O avô, a flor e o mar

– Vovô, eu quero ver o mar!
Não era a primeira vez que ele ouvia isso dela. E sempre que ouvia, prometia, garantindo que, em breve, eles iriam, juntos. A neta era seu xodó. Desde que ocupava a barriga da filha, seu outro xodó, ele se entregou completo àquela criaturinha que estava por chegar. E, quando chegou, derreteu o velho coração. Coração este que, pouco antes, perdera o amor de sua vida, sua companheira de sempre. A viuvez não lhe caiu bem, como nunca cai, e ela chegou para amenizar.

– Vovô, eu quero ver o mar!
Espoleta, ou Flor. Era como ele a chamava sempre que tinha que correr atrás, salvando-a das quinas das paredes, das escadas, dos buracos na calçada da casa da filha, para onde se mudou depois da efetivada solidão. Ganhou um novo lar, perdeu um pouco da melancolia, e arrebanhou a conveniente função de “ajudante cuidador babão”.

– Vovô, eu quero ver o mar!
Moravam no interior de Minas Gerais. Mar não tinha, mas ele, que nos tempos de vendedor viajava pelos estados, um dia conheceu aquela prainha escondida num canto da Bahia. Ainda quase intocada, autêntica, tinha águas mornas cor verde esmeralda. Na maré baixa se formavam piscinas naturais, e ali ele descansava dos quilômetros rodados, se esquecia dos compromissos que a vida impunha e se lembrava da companheira. Até que conseguiu levá-la até lá. Apaixonada, ela repetia: que belo, este mar! E ali voltariam, muitas vezes. Essa história ele contava pra neta repetidamente, ou seja, era culpa dele ela pedir o que sempre pedia.

– Vovô, eu quero ver o mar!
Virava, mexia, e das divagações ela o trazia de volta. Não tinha sossego, o vó. Não queria sossego, o vovô. E a menina corria pra lá e pra cá, dentro do possível e do permitido, dando uma canseira no pobre, que cumpria feliz sua função enquanto a mãe e o pai trabalhavam fora. Quando se cansava, a pequena sentava no seu colo e ele contava como era o mar, e falava da vovó, e ela ficava quieta, prestando atenção. Com os dedos pequeninos, ela tocava e sentia a barba dele, já bem grisalha, e fazia perguntas, muitas, curiosas, inteligentes. E dizia que o cheiro dele era gostoso, sabor lavanda, e que a camisa de chita que ele usava, macia e quente, devia ser linda também, seja lá que cor tivesse. E cochilava nos seus braços, e sonhava com o mar que ele tanto falava. Um dia, num tempo de férias dos pais, ele realizou o sonho da Espoleta.

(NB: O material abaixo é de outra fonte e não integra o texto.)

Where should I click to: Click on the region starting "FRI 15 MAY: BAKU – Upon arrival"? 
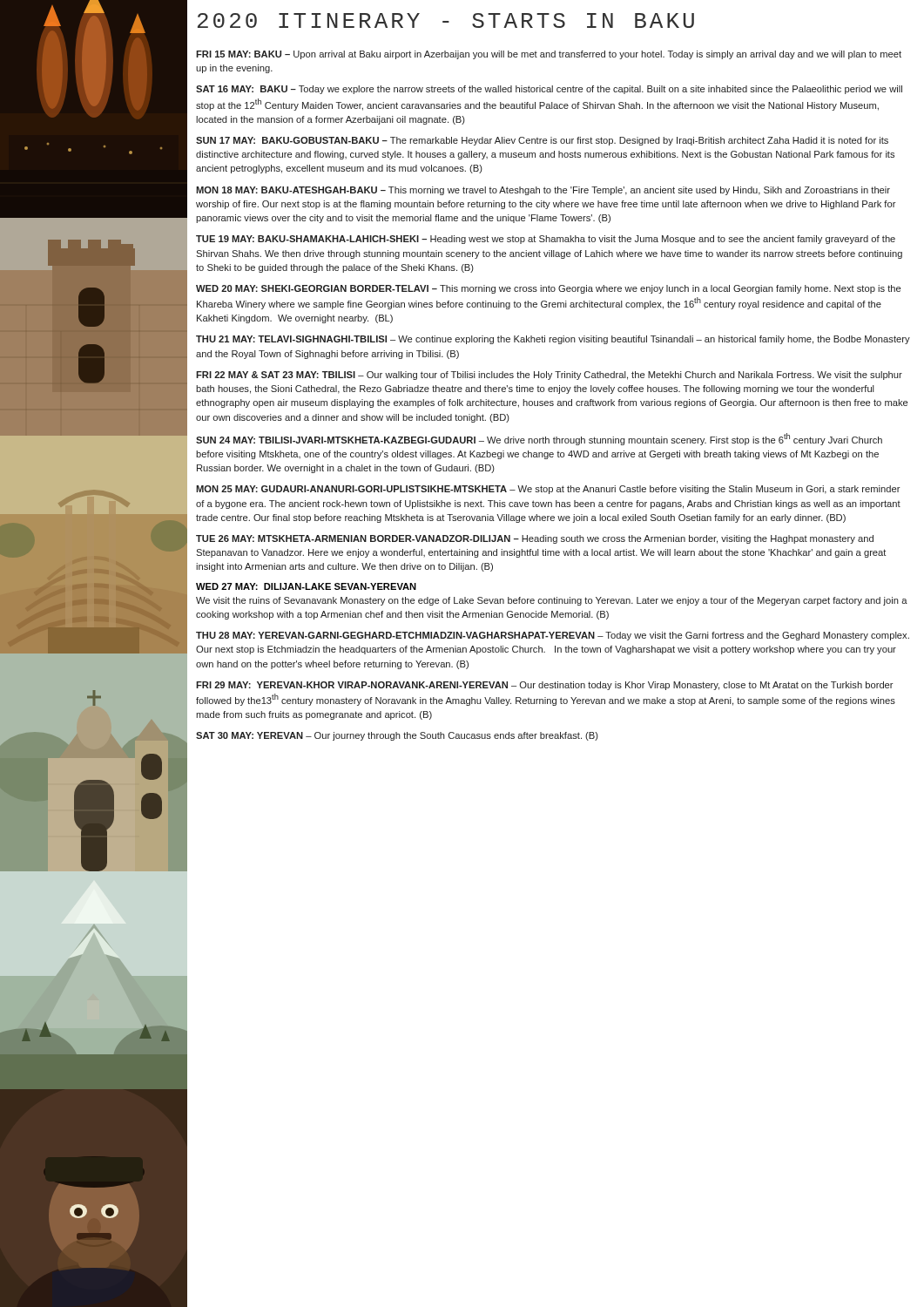[x=549, y=61]

– Vovô, estou vendo o mar!
Os olhinhos leitosos não enxergavam o mundão de água a seus pés, muito menos o horizonte distante. Mas o toque da brisa no chapéu de pano, o cheiro da areia e o calor turvo das ondas batendo nas batatas reconchudas esboçavam o visual não visto, somente sentido. E isso bastava para ela, além, claro, do vovô junto, conduzindo-a pela mão.

– Também vejo, minha Flor.
E assim, refletido nos olhos dela, aquele mar, que já era belo, ficava agora ainda mais bonito.